A to Queue 1, a customer B moved to the end of Queue 1, a promoted customer C from Queue

2 to Queue 1, their order will be A → B → C. Same rule applies to Queue 2 and 3 regardless

of the priority.

抢占：一旦队列2（或队列3）中正在运行的客户被新的中断

从队列1（或从队列2）到达客户，该客户将留下其时间量

立即移动到队列的末尾。

老化：因为队列1优先于队列2和队列3，所以HPF策略是

应用，可能会发生饥饿。
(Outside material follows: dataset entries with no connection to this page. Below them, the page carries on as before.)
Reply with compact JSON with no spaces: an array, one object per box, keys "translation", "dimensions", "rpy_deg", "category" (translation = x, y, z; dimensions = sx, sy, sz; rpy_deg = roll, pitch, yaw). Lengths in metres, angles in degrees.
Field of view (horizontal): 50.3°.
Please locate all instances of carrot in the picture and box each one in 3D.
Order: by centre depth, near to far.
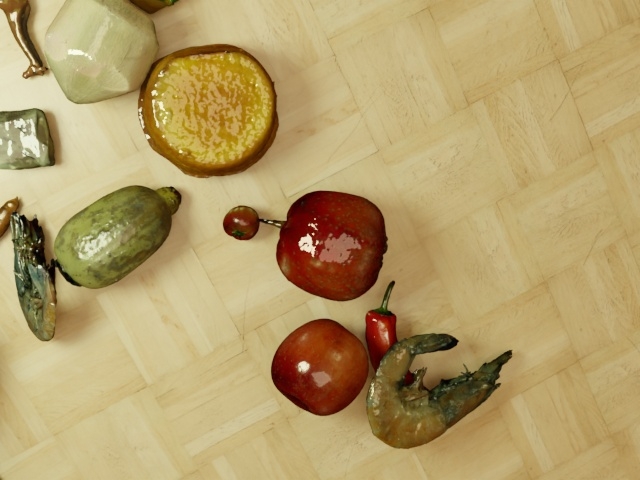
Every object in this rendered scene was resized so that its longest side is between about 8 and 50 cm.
[{"translation":[-0.745,0.000,1.494],"dimensions":[0.248,0.059,0.059],"rpy_deg":[-45,103,-3],"category":"carrot"}]

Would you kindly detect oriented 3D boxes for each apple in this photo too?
[{"translation":[-0.002,0.297,1.589],"dimensions":[0.218,0.218,0.201],"rpy_deg":[48,64,-13],"category":"apple"}]

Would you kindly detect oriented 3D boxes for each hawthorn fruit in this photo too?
[{"translation":[0.000,0.000,1.542],"dimensions":[0.301,0.254,0.253],"rpy_deg":[18,96,6],"category":"hawthorn fruit"}]

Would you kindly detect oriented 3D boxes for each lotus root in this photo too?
[{"translation":[-0.442,-0.021,1.498],"dimensions":[0.309,0.173,0.173],"rpy_deg":[-40,103,-9],"category":"lotus root"}]

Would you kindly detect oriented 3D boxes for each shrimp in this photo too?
[{"translation":[-0.614,0.085,1.469],"dimensions":[0.075,0.178,0.289],"rpy_deg":[-4,100,-42],"category":"shrimp"},{"translation":[0.299,0.336,1.677],"dimensions":[0.445,0.085,0.271],"rpy_deg":[-19,101,-24],"category":"shrimp"}]

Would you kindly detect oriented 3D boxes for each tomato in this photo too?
[{"translation":[-0.180,-0.044,1.569],"dimensions":[0.087,0.087,0.075],"rpy_deg":[23,57,-13],"category":"tomato"}]

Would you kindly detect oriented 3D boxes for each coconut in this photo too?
[{"translation":[-0.457,-0.391,1.397],"dimensions":[0.224,0.224,0.234],"rpy_deg":[35,96,-13],"category":"coconut"}]

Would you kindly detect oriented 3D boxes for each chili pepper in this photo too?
[{"translation":[0.187,0.287,1.696],"dimensions":[0.137,0.092,0.368],"rpy_deg":[-31,111,-23],"category":"chili pepper"}]

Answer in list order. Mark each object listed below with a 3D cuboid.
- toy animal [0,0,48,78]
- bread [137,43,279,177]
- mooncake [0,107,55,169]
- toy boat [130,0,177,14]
[{"translation":[-0.654,-0.479,1.424],"dimensions":[0.230,0.066,0.224],"rpy_deg":[25,94,-18],"category":"toy animal"},{"translation":[-0.239,-0.280,1.473],"dimensions":[0.313,0.172,0.311],"rpy_deg":[-1,98,-11],"category":"bread"},{"translation":[-0.641,-0.217,1.464],"dimensions":[0.125,0.073,0.129],"rpy_deg":[-6,102,-12],"category":"mooncake"},{"translation":[-0.402,-0.566,1.440],"dimensions":[0.230,0.089,0.088],"rpy_deg":[39,105,-10],"category":"toy boat"}]

也就是说，队列2和队列3中的某些客户可能永远不会

得到运行，因为在队列1中始终有一个客户具有更高的优先级。解决问题

饥饿问题，你必须实施一个老化每个客户的机制。这不一定是

每次客户运行时都会这样做，因为这会降低系统速度，但每隔7次就会说一次

客户运行。也就是说，如果一个客户自上次运行以来已经等待了7次其他客户，那么就是这样

优先号将增加一个。这样，队列2中每个客户的优先级

并且队列3与自上次运行以来的等待时间成比例地逐渐增加。

注意：如果在时间t，有三个具有相同优先级的客户：新到货客户

A到队列1，客户B移到队列1的末尾，来自队列的升级客户C.

2到队列1，他们的顺序将是A→B→C。同样的规则适用于队列2和3，无论如何

优先权

Test

Input

Each customer is identified by a line in the input file. The line describes the customer ID,

arrival time, priority, age and the total time units required. For example s1 3 1 0 50 describes

a customer s1 who arrived at time 3 with priority 1 and age 0, and requires 50 time units.

Output

The output provides information of each customer execution. The line starts with the customer

ID, priority, arrival and termination times, ready time (the first time the system processes its

request) and durations of running and waiting.

测试

输入

每个客户都由输入文件中的一行标识。 该行描述了客户ID，

到达时间，优先级，年龄和所需的总时间单位。 例如，s1 3 1 0 50描述

客户s1在时间3到达，优先级为1，年龄为0，需要50个时间单位。

产量

输出提供每个客户执行的信息。 该行从客户开始

ID，优先级，到达和终止时间，就绪时间（系统首次处理它）

请求）和运行和等待的持续时间。